Last week, the Pennsylvania Superior Court found that a driver who causes an accident without actually striking anything with his or her vehicle can still be convicted of leaving the scene following an accident involving death or personal injury.
Gina Passarello writes, in The Legal Intelligencer, about Christopher Anthony Lowry who argued that while he recklessly turned his car in front of other vehicles, causing them to crash and someone to die, there was not enough evidence to convict him of being "involved" in an accident because his vehicle didn't strike anything.
The three-judge Superior Court panel noted in Commonwealth v. Lowry the Motor Vehicle Code does not define what it means to be "involved" in an accident. The judges said Lowry's argument is one of first impression for the court that required it to determine whether Section 3742 of the code requires a defendant to physically impact a vehicle, object or other person for the defendant to be deemed "involved" in an accident.
Section 3742 requires a driver involved in an accident that results in injury or death to another person to stop and remain on the scene, wrote Passarello.
"To interpret Section 3742 to require some form of physical contact would permit defendants to circumvent that intent," Judge Judith F. Olson said. "For example, under [Lowry's] interpretation of Section 3742, a driver who intentionally runs someone off the road, yet does not contact the other vehicle, and then flees the scene, would not be guilty of a Section 3742 violation (although he may be guilty of other offenses). Certainly, such an absurd result was not the General Assembly's intent when it passed Section 3742."

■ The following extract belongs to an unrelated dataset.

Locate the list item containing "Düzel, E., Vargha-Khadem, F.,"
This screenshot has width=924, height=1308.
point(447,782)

In October 2009, Lowry pulled out of a gas station toward Route 51 in Jefferson Hills Borough in Allegheny County. A witness testified that Lowry made a left turn across two lanes of traffic onto the highway. Lowry, according to the witness, crossed into the path of oncoming traffic. The witness said Lowry's tires spun and smoke came out of the front tires as he sped out of the gas station, according to the opinion.

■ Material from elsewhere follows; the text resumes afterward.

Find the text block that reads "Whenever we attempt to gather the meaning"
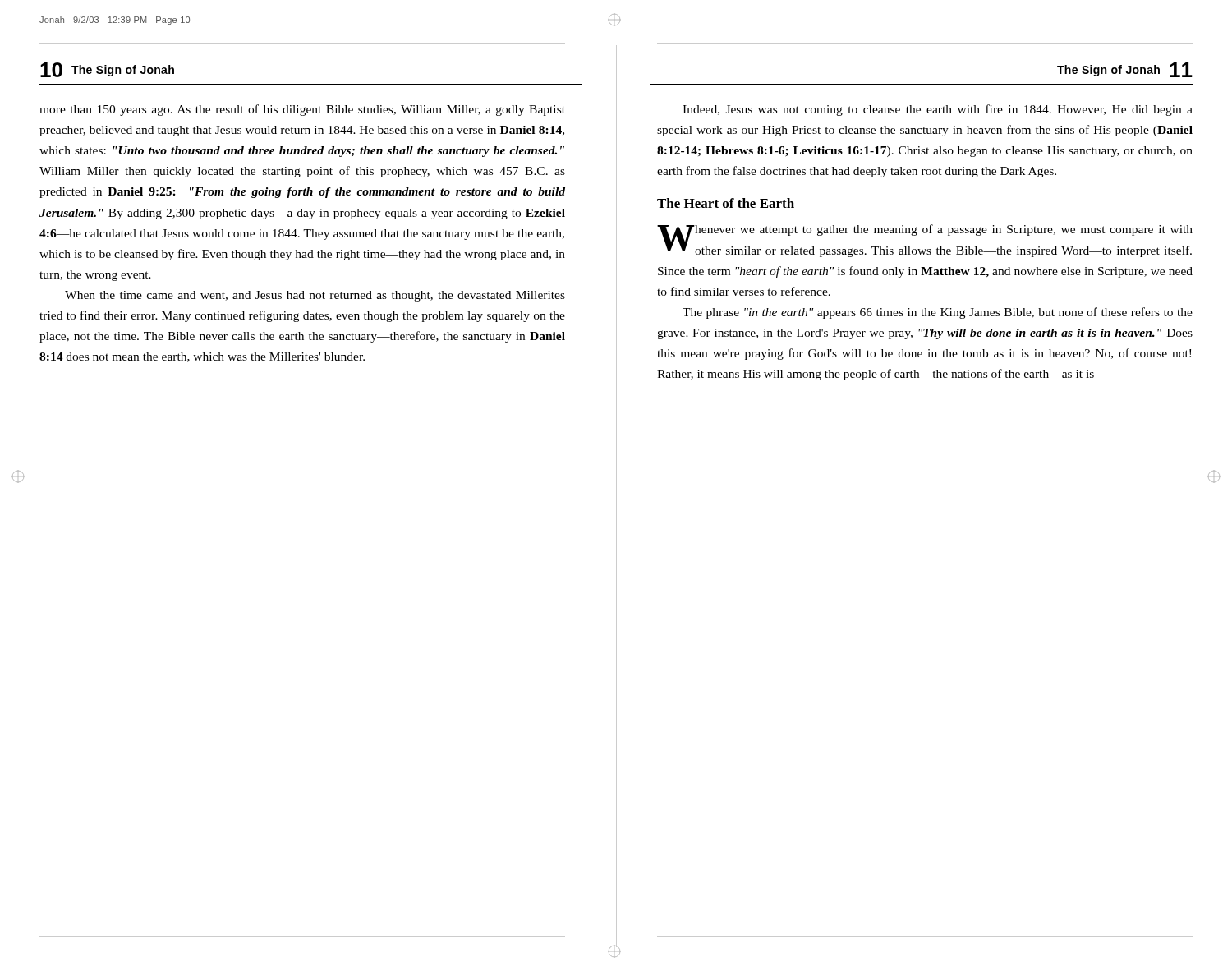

The driver of an SUV hit his brakes, which the witness said appeared to lock up, causing the driver to fishtail and hit a car coming in the opposite direction. The driver of the car coming in the opposite direction was killed, Olson said.
Passarello wrote, Lowry acknowledged that he pulled into traffic and was nearly involved in an accident. But he argued that he was able to avoid an accident and had no way of knowing that cars behind him were then in an accident, as he had driven around a bend and merged into traffic.
The Superior Court said the jury rejected that argument and instead accepted the facts presented by the state, which included the fact that the accident caused a very loud noise and scattered debris.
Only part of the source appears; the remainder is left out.